Unprecedented growth in sensing, data capture devices, communication, and computing technologies have enabled us to capture and analyze almost every aspect of our lives. Such a prospect has resulted in the development of a myriad of applications in the cyber-physical systems, and the Internet of Things domain. While limitless possibilities exist, their realization has led to the grand challenge of designing a new class of systems that can provideseamless support for efficient and easier to program sensor-based applications. Furthermore, as sensor data processing often consists of complex compiled code, expensive machine learning, and signal processing code, systems that can scale to data generated by a myriad of interconnected sensors and devices embedded in the environment are needed.

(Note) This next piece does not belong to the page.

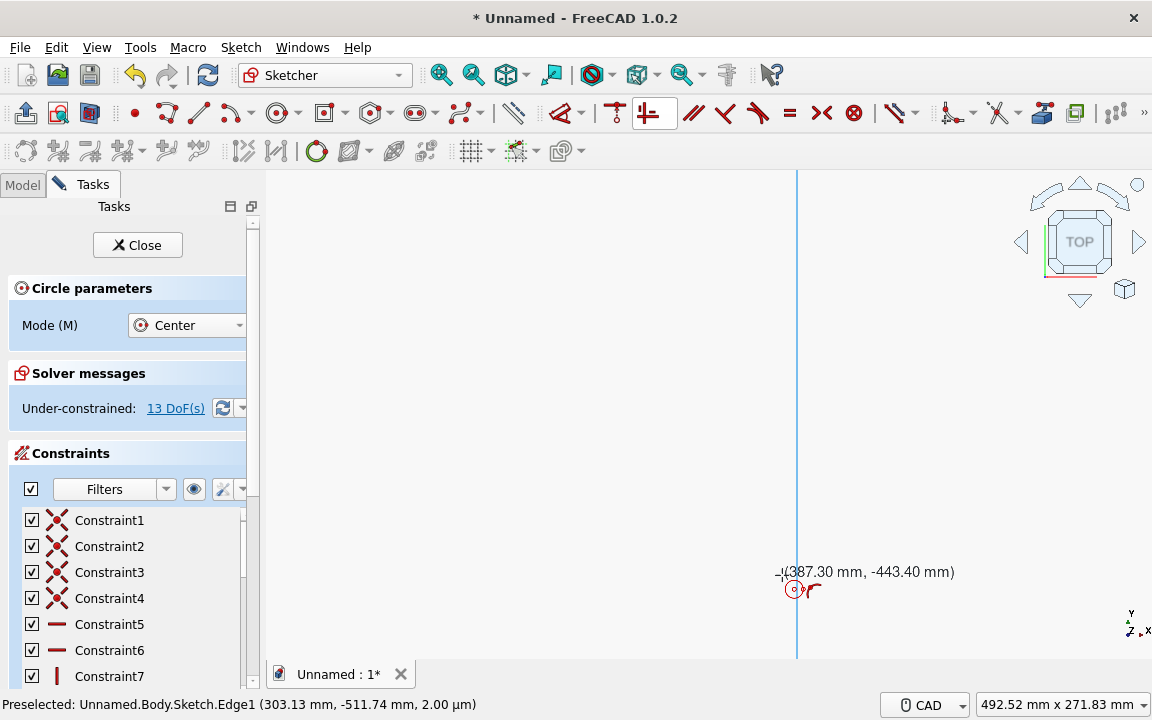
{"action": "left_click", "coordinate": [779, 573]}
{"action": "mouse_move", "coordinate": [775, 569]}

This thesis presents TippersDB, a middleware system designed to build sensor-based smart space analytical applications. The intended goal of TippersDB is to ease the task of developing complex smart space applications, to develop an extensible system that allows diverse/heterogeneous sensors (with possibly overlapping functionalities) to co-exist and to be seamlessly integrated into the system without requiring application redesign, and to exploit the semantics of the physical world, as well as, sensor capabilities to optimize the applications. TippersDB provides a powerful data model that decouples semantic data about the application domain from sensor data using which the semantic data is derived. By supporting mechanisms to translate data, concepts, and queries between the two levels, TippersDB relieves the application developers from having to know or reason about either the type or location of sensors or write sensor specific code. In addition, it allows for multiple optimizations based on smart space semantics to improve query processing.
In particular, in this thesis, first we introduce the SmartBench benchmark that we developed to analyze the existing database technologies in terms of their strength/weaknesses and suitability in supporting IoT applications. Next, we introduce the TippersDB data model and describe its query-driven translation of sensor data. We then provide a summary of the system implementation and show a performance evaluation of TippersDB using IoT benchmark queries. This is followed by the description of the progressive query processing techniques used in TippersDB to reduce wait time for the users by providing them with early results. Finally, we highlight the benefits of TippersDB through a case study.